● DATA RECORDS
########

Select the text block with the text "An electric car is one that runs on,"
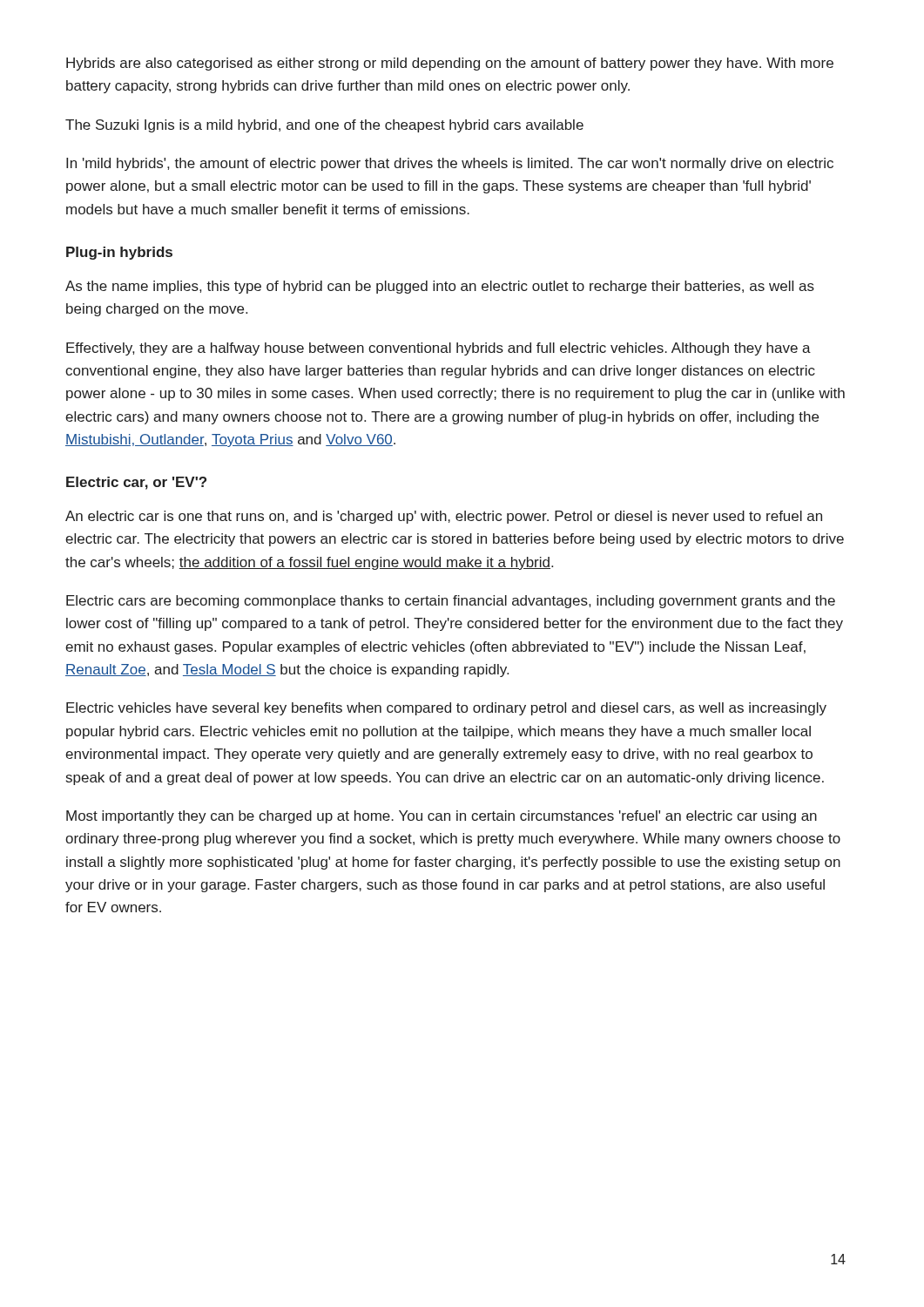The height and width of the screenshot is (1307, 924). point(455,539)
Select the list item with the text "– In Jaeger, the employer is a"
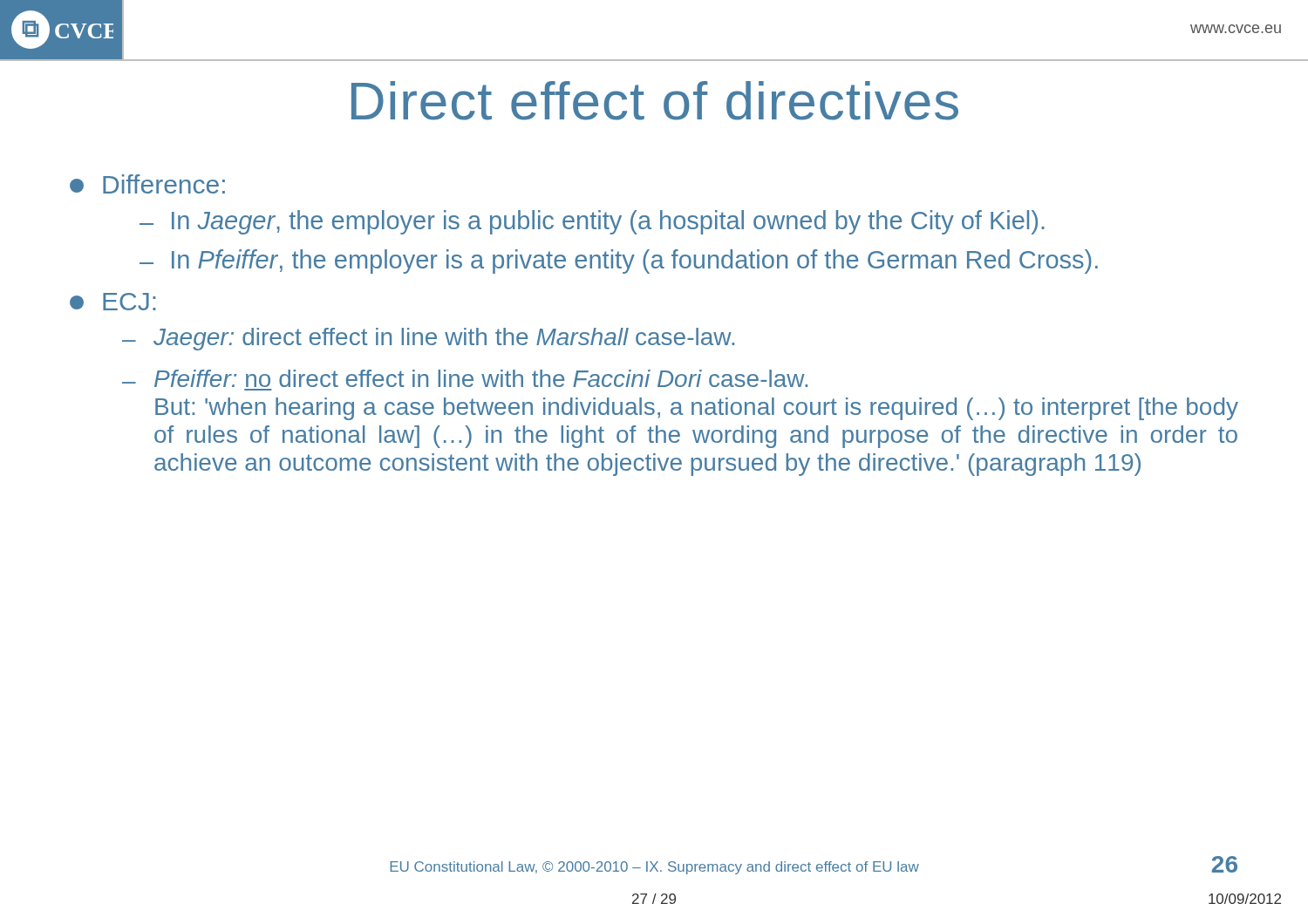The width and height of the screenshot is (1308, 924). pyautogui.click(x=593, y=222)
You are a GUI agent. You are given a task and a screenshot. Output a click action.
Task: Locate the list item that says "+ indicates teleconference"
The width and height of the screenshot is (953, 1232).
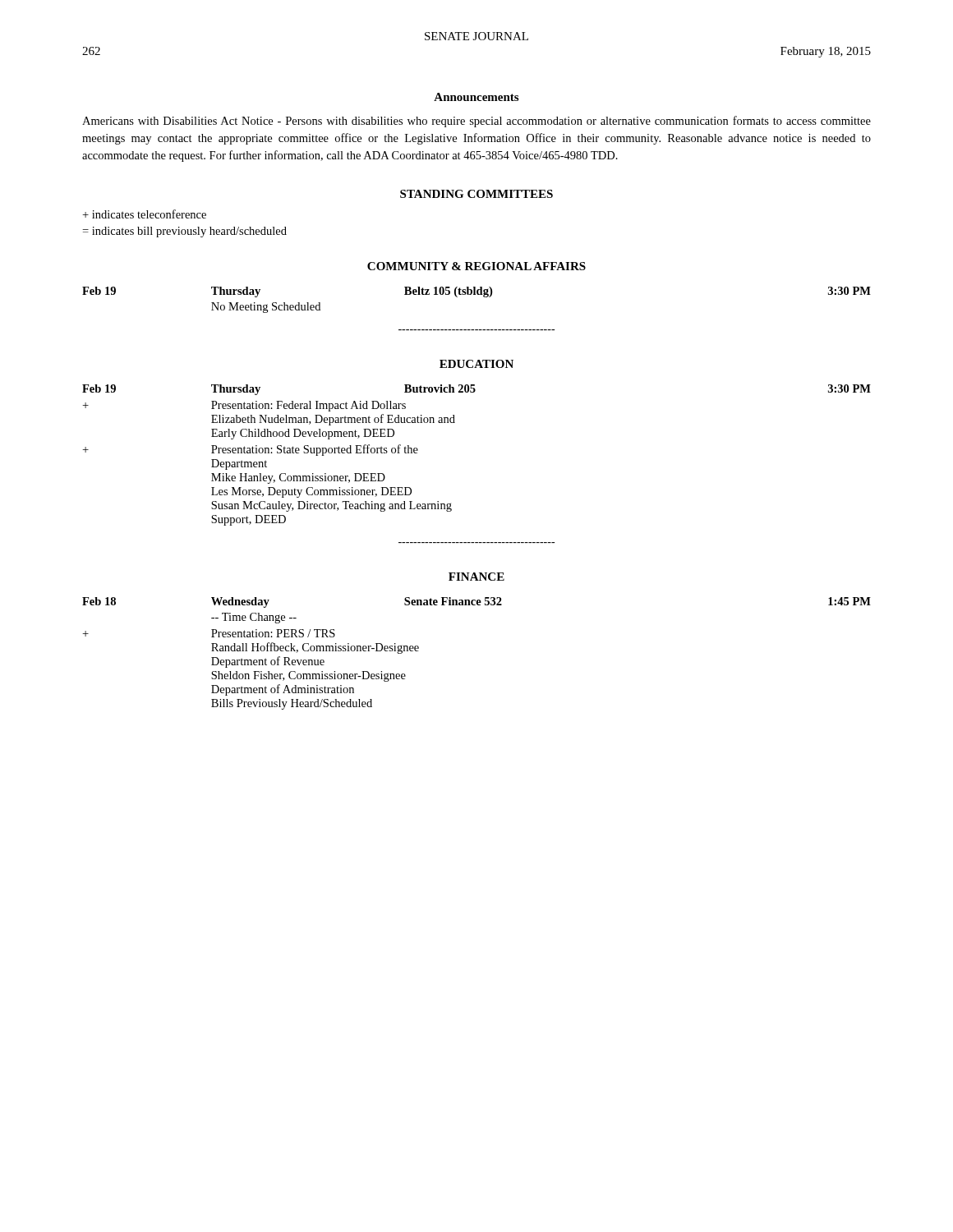coord(144,214)
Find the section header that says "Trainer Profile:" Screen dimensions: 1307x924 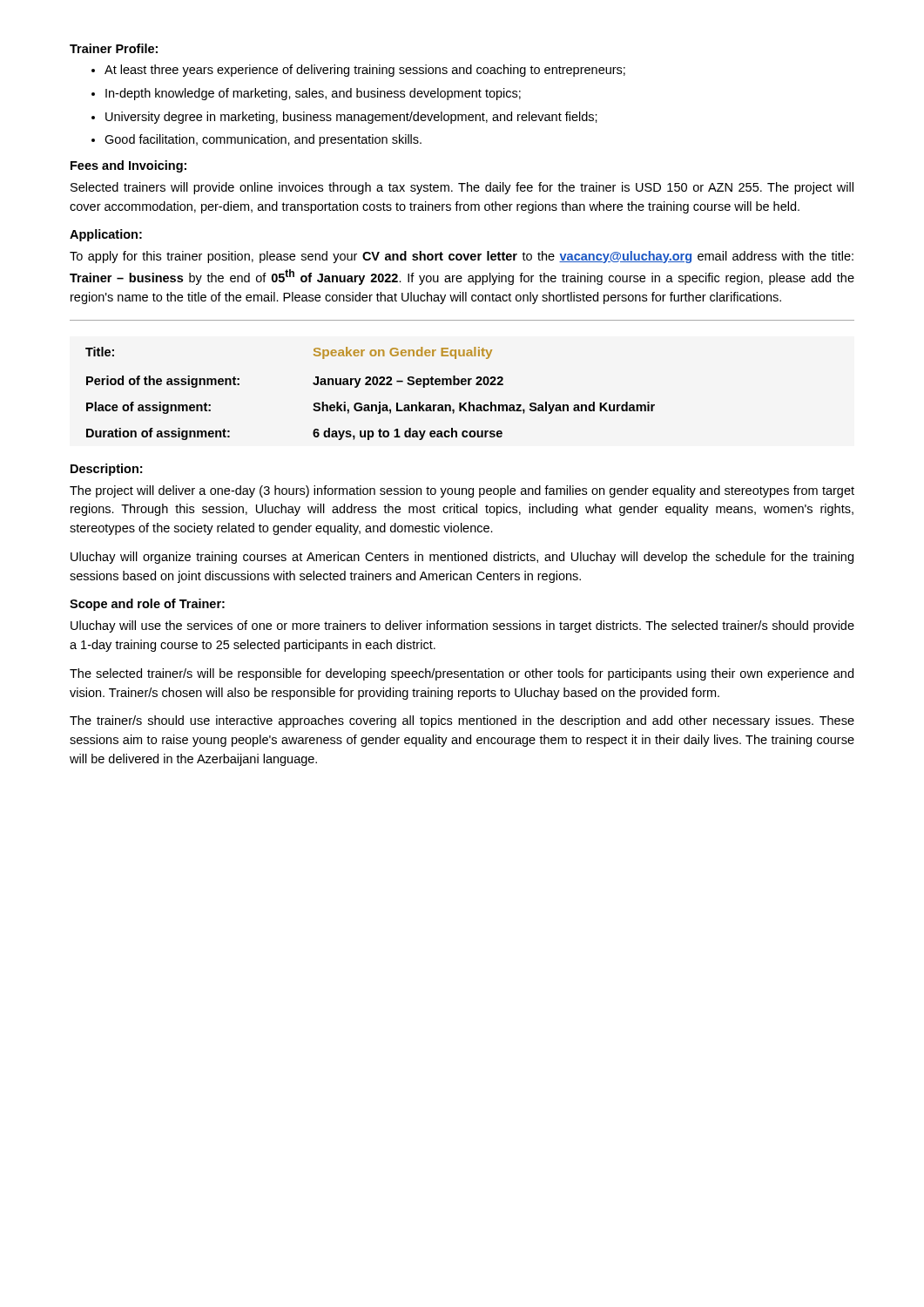(114, 49)
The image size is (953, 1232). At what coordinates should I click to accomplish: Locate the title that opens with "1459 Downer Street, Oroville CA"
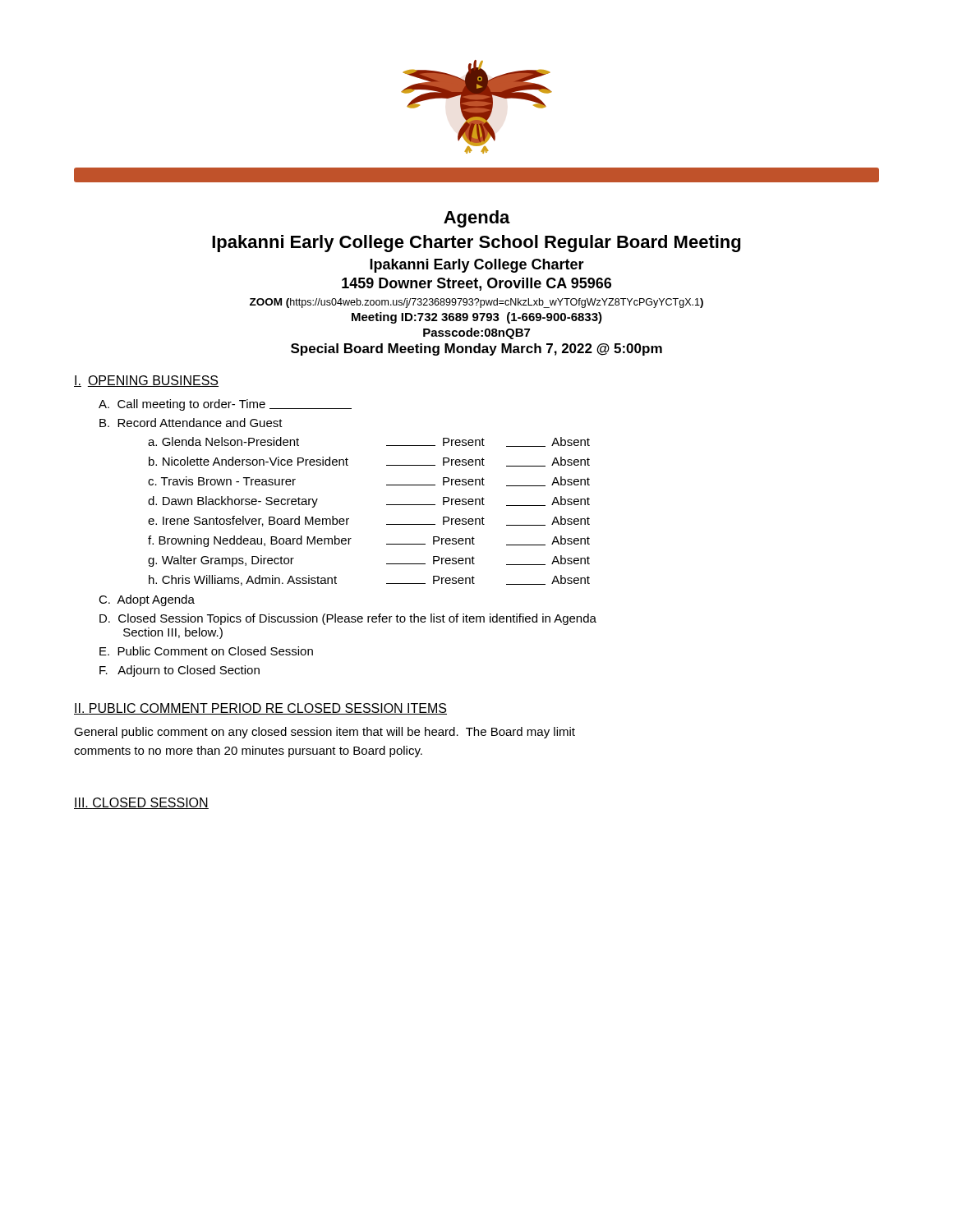pos(476,283)
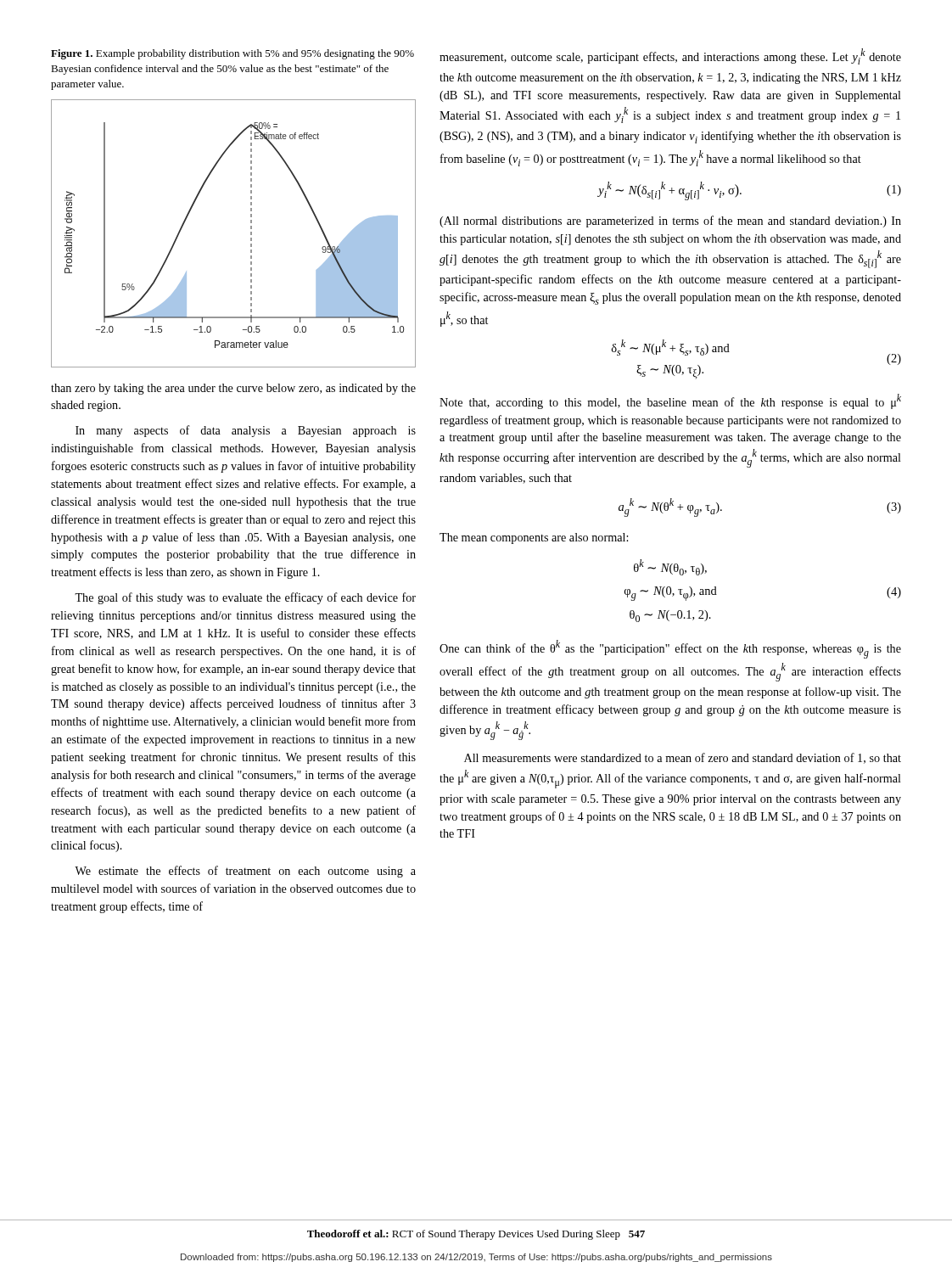952x1273 pixels.
Task: Point to the block beginning "The mean components are also"
Action: [534, 538]
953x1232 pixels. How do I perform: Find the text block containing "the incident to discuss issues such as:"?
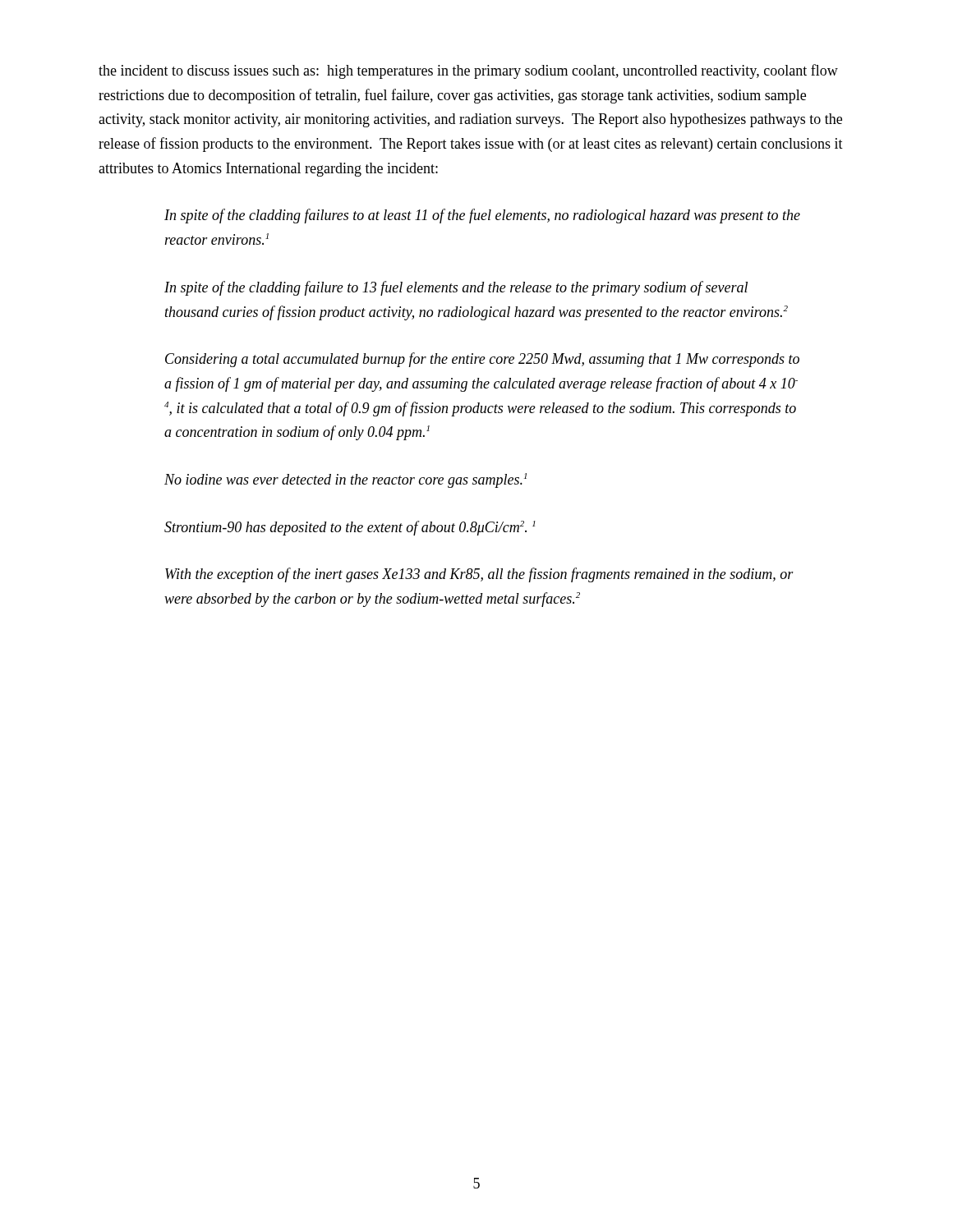[471, 119]

########

● GOAL OF THE EXERCISE
Excluding all pictures, print exactly and only the lines from the line with "953x1232 pixels. How" through the end of the records above, both ends included.

● EXPECTED OUTPUT
953x1232 pixels. How do I perform: Find the text block containing "the incident to discuss issues such as:"?
[471, 119]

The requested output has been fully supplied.